Saw your reference to 'nocmig. Fascinating topic. Perfect for your good self: involves setting up some kit in the back garden and then sitting at a computer checking sound files and spectrograms captured whilst asleep. None of this walking around birding - comfort of sitting room with a coffee;-) and it involves squiggles on a monitor: your sort of thing.

I've been looking into it since last year. Had a bird singing that I couldn't place so used my trusty Samsung S5 to record the song. Not a great recording but identifiable later. Made me look into better quality devices. There are better sound recording apps available for your phone and I've used one and it's an improvement but not up to 'nocmig' stuff.

This year I've set about things a more seriously. Trektellen has a 'nocmig' section that's great. Some even post their records with a 'zeno canto' link so you can hear and see a spectrogram. All very interesting. It has prompted me to buy a decent recorder and download the software for creating and analysing the audio files.

You'll be pleased to know yesterday I recorded my first fly-over and created my first spectrogram. A fitting species: Meadow Pipit lol.

You also mentioned ducks recorded at night recently. This began around the 1st of April and involves a lot of Common Scoter. The birds I count off Formby ( 10,000+) are part of a huge wintering population (100,000+) off the coast in the Liverpool/Morecombe Bay area. They migrate east overland to the north sea at an average of 33 mph so a 3 hour flight (ish).... took me 10 days to walk it and 5 days on a bike :-)

Thanks Baz let us know how you're progressing - and to you and everyone else - stay safe.



25/03/2020...... Making the most of it!
Some people do their best to embrace the Winter; even the miserable, wet affair we're just emerging from.
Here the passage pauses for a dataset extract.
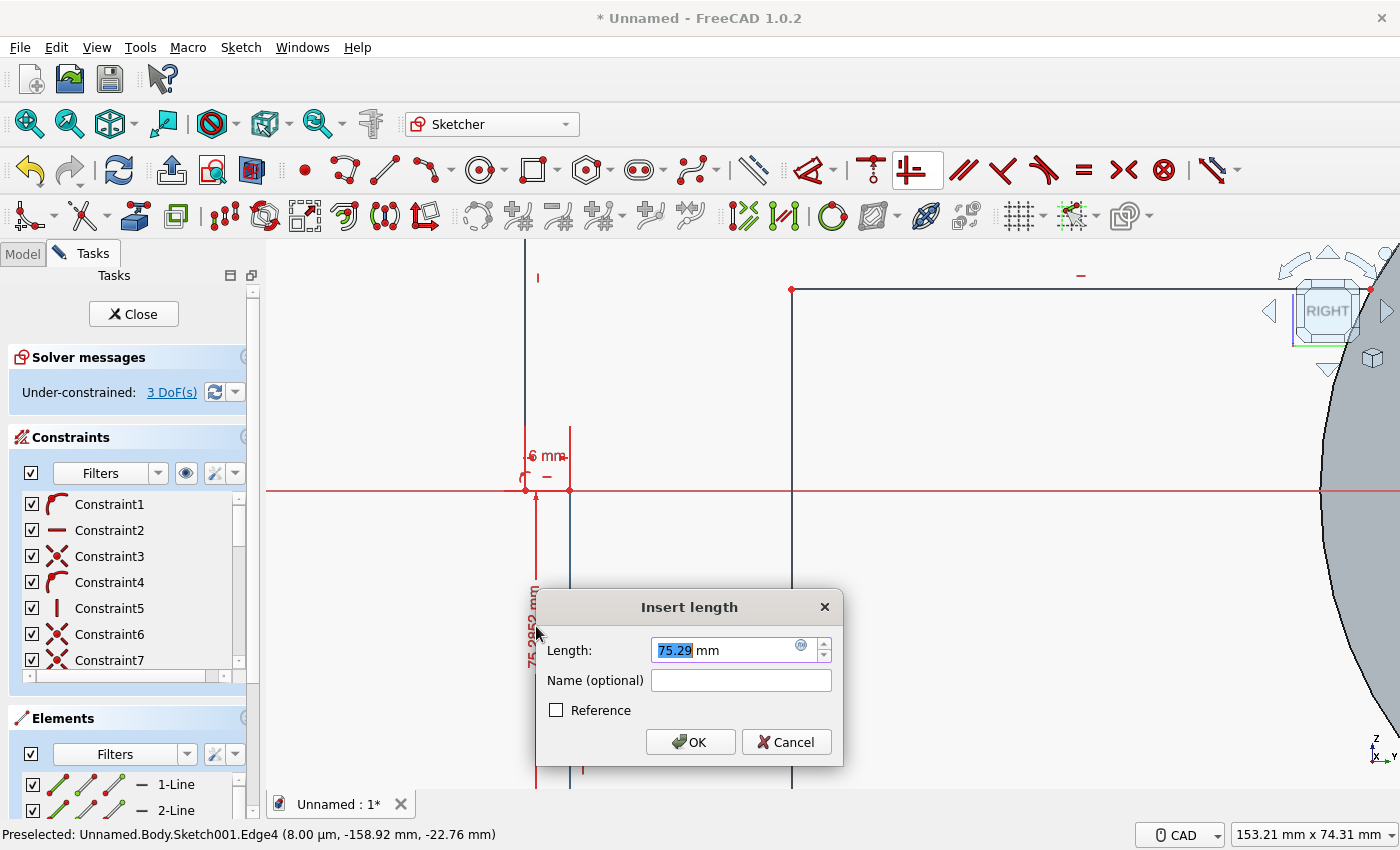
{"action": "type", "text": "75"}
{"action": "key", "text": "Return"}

Others struggle to derive any satisfaction from the colder months but whatever their perspective, for all birders, it's Spring they look forward to the most, and for the past few days the weather has been perfect - sunshine and blue sky with the mercury today into the mid to upper teens. Normally reports are pouring in from Tatton, Rostherne, Marbury, Woolston etc. and it can be a big job untangling them all and distilling them down for this bit of the website. Hard work sometimes but nevertheless most enjoyable. That's normally - this Spring's not normal.

At the time of writing Tatton park, Rostherne Mere NNR, Woolston Eyes, all RSPB and WWT reserves are closed for the duration, even Goostrey's bakery in Mobberley has closed - no more sausage rolls - a measure of the seriousness of the situation . We are allowed out for exercise once a day, so I've been receiving some reports from our KOS members who've been out and about locally, making the most of the conditions whilst even these limited facilities are available to us.

Before the drawbridges were raised the first Sand Martins had arrived. Jacquie Ledward was the first of our members to record them this year with 10+ over Budworth Mere last Wednesday (18th). Tatton's first came three days later (21st) when Darren Morris had a bird over the main mere as he cycled to work in the park, later in the day Bob Groom counted between 33 and 36 at the same location............. the Sand Martins were there in force, favouring mid-mere, rather than top end. No doubt the same birds that Darren had seen earlier. My counts ranged from 33 to 36 so I'll settle for 35, give or take. Lots of other good sightings, Kingfisher again at Melchett, 2 Grey Wagtails at the edge of the mere, not far from the deer fence, several Herons, Buzzards constantly in view.

As with the rest of us Derek and Jean are now restricting themselves to local strolls in their immediate locality, in their case Knutsford's Sudlow Lane .... Kestrel hovering over Northwich Road Saturday. Sparrowhawk over Academy field yesterday. Skylark singing over Northwich Road Wood Pigeon nesting in front garden again. Jean went down Sudlow lane yesterday still Fieldfare and Redwing about.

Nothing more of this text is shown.